In your case the input activation is the flattened output of the self.maxpool(x) operation which seems to have 1024 features.

It’s already working with my suggested fix:

class DenseNet121_reshaped(nn.Module):
    def __init__(self):
        super(DenseNet121_reshaped, self).__init__()
        self.densenet121 = torchvision.models.densenet121().features
        self.maxpool = nn.AdaptiveMaxPool2d(1)
        self.relu = nn.ReLU()
        self.mlp = nn.Linear(in_features=1024, out_features=10)
    
    def maxpool(self ,x):
        x = F.max_pool2d(x, kernel_size=x.size()[2:])
        return x

    def forward(self, x):
        x = self.densenet121(x)
        x = self.relu(x)
        x = self.maxpool(x)
        x = x.view(x.size(0), -1)
        x = self.mlp(x)
        return x
    
model = DenseNet121_reshaped()

x = torch.randn(2, 3, 224, 224)
out = model(x)
print(out.shape)
# torch.Size([2, 10])

x = torch.randn(3, 3, 1024, 1024)
out = model(x)
print(out.shape)
# torch.Size([3, 10])

x = torch.randn(4, 3, 700, 800)
out = model(x)
print(out.shape)
# torch.Size([4, 10])
1 Like

Thanks a lot for your explication!! :smiling_face_with_three_hearts: :heart_eyes: :star_struck:

It’s working now!

Just some beginner’s doubts:

  • Can I use the pre-trained Densenet, like that?
    self.densenet121 = torchvision.models.densenet121(weights=torchvision.models.DenseNet121_Weights.IMAGENET1K_V1).features

  • The β€œout_features=10” is equal to the number of classes?
    self.mlp = nn.Linear(in_features=1024, out_features=10)

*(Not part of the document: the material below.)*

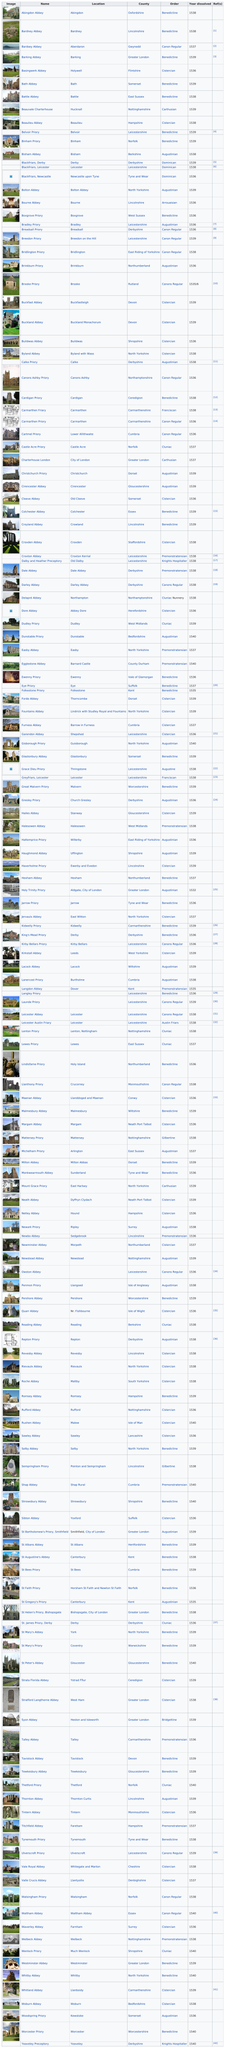Point out several critical features in this image. There is only one abbey listed for the location of Holywell. Basingwerk Abbey is a Cistercian order abbey. The difference in the year dissolved between Abingdon Abbey and Bardsey Abbey is unknown. The order of Bardney Abbey is the same as Abingdon Abbey. In 1539, Bath Abbey was dissolved by Henry VIII.

  • Why do you remove the self.sigmoid = nn.Sigmoid()? Is it wrong to use it?

Thanks again!

1 Like

Yes, your usage looks generally correct, but just make sure you are using the .features sequential block as intended. In particular you would be missing the F.relu and F.adaptive_avg_pool2d usage from here. In your custom model you are using a max pooling layer instead, which is also fine, just make sure you are aware of these differences.

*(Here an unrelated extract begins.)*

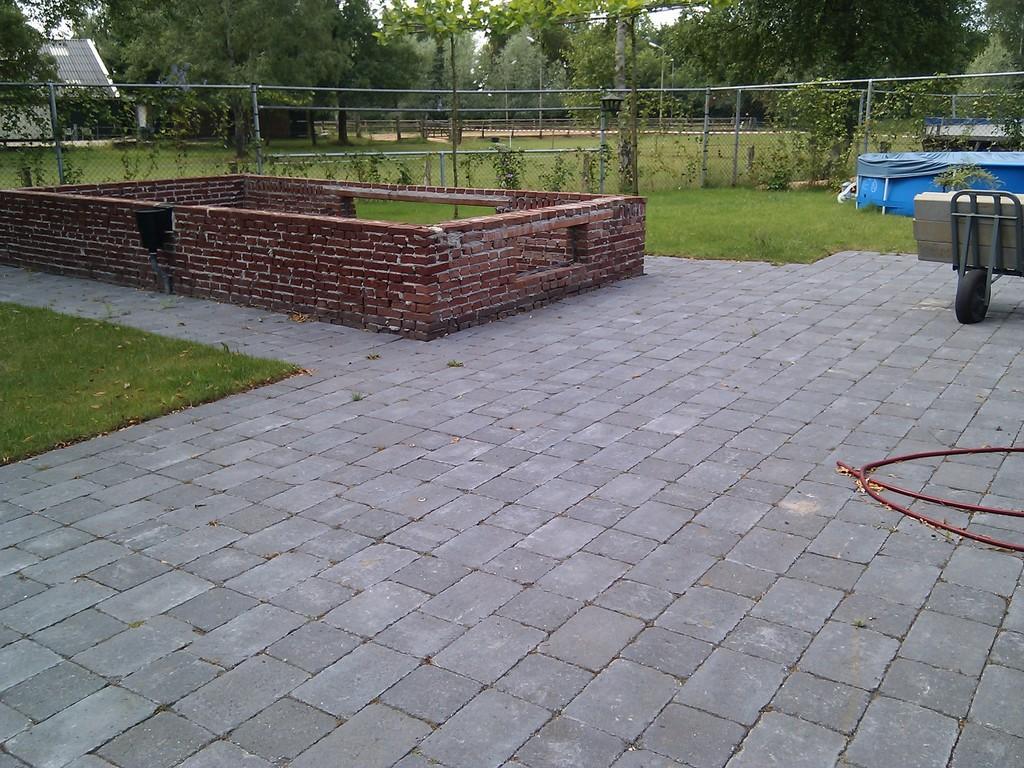Please provide a concise description of this image. In this picture there is a box on the trolley and there is an object. In the foreground there is a wall and there is a fence. At the back there is a house and there are trees, plants. At the top there is sky. At the bottom there is a pavement and there is grass and there is a pipe on the pavement.

Yes, I just used a value to make the code executable. In your case you would set it to the number of classes.

You didn’t use it in the forward method and assuming you are working on a multi-class classification it would also be wrong to use it.
In case you are working on a binary classification, also drop it and use nn.BCEWithLogitsLoss for better numerical stability and pass the raw logit output from the last linear layer to the loss function.